Kurniawan’s use of the bildungsroman to critique religious individualism might seem counterintuitive: is it not, after all, the narrative form of individualization par excellence? But we must remember that some of the most important literary works from postcolonial countries—from José Rizal’s Noli Me Tángere (1887) to Anna Burns’s Milkman (2018)—have been coming-of-age novels.
Scholars such as Pheng Cheah and Caroline Hau have argued that postcolonial writers turn to the form for its allegorical capacity: the growth of the nation as a self-directing organism is paralleled by the development of a healthy and rational individual consciousness, able to resist the sickness of colonialism. Yet Kurniawan is at least a generation removed from the writers these scholars studied: Salman Rushdie, Ngũgĩ wa Thiong’o, Jamaica Kincaid, V. S. Naipaul, or even the author to whom he is inevitably compared, Pramoedya Ananta Toer.
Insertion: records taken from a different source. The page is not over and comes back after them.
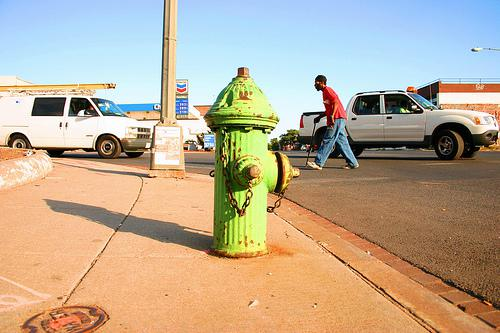Question: who is walking?
Choices:
A. The man.
B. The woman.
C. The child.
D. The Dog.
Answer with the letter. Answer: A Question: what is in front of the man?
Choices:
A. The car.
B. The hydrant.
C. The mailbox.
D. The fence.
Answer with the letter. Answer: B Question: what is on the sidewalk?
Choices:
A. Mailbox.
B. Hydrant.
C. Payphone.
D. Bicycle.
Answer with the letter. Answer: B Question: why is the man crossing the street?
Choices:
A. To get to the restaurant.
B. To reach the park.
C. To get to the other side.
D. To get to his car.
Answer with the letter. Answer: C

None of Kurniawan’s protagonists have the ambition to map the social totality the way Minke and his double Pangemanann in Pramoedya’s Buru Quartet (1980–88) do—not because Kurniawan is a lesser writer but because he lives in an age where nationalist slogans like “NKRI Harga Mati” (roughly, “the Unitary State of the Republic of Indonesia on Pain of Death”) are used, more often than not, to suppress any form of criticism of the state.
Kurniawan turns to the bildungsroman precisely for its failure. Neither religion nor the nation provides a viable form of collective life, but the novel does not want us to look back nostalgically at some idealized picture of a rural childhood.